There are more useful questions than “Can I afford it?”
- What else could I buy with this money?
- How much would these dollars be worth if invested rather than spent today?
- What is the short-term value of the purchase?
- What is the long-term value of the purchase?
Let’s be practical. I’m not saying you have to answer these questions every time you have the urge to grab a coffee with a friend.
Although that would be pretty funny:
“Hey, want to grab a coffee?”
“Sure, just have to fill out this short questionnaire about the short and long term consequences of the purchase. Gimme two minutes.”
I’ve already told you Kate and I are selling stuff because we want to set ourselves up with stout little garage gym. Yesterday I unloaded the old treadmill for $600 (woohoo!). Now the cash is sitting in an envelope in the kitchen, and I’m already mentally spending it on new equipment.
But: I own the purchase. It’s not that I “can afford” it. I’ll buy the equipment having fully acknowledged the costs, such as:
Not paying off a portion of my highest interest debt. Which means, in effect, that I’m financing the new gym equipment at the rate of my highest interest debt.
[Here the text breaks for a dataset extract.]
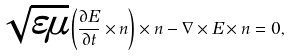Convert formula to latex. <formula><loc_0><loc_0><loc_500><loc_500>\sqrt { \varepsilon \mu } \left ( \frac { \partial E } { \partial t } \times n \right ) \times n - \nabla \times E \times n = 0 ,</formula>

Put that in my pipe and smoke it, huh?
Not putting the money in the market, where it would theoretically be worth around $1,200 ten years from now (if it earned around 7% per year) and throw off an annual income of $48 (according to the 4% Rule).
Not using it to buy any number of other things on our wants list.
These are the costs. If I value the benefits of the gym equipment more than the costs, I’m better off spending it this way. If not, I’m not. “Afford” has nothing to do with anything, and strikes me as a useless concept.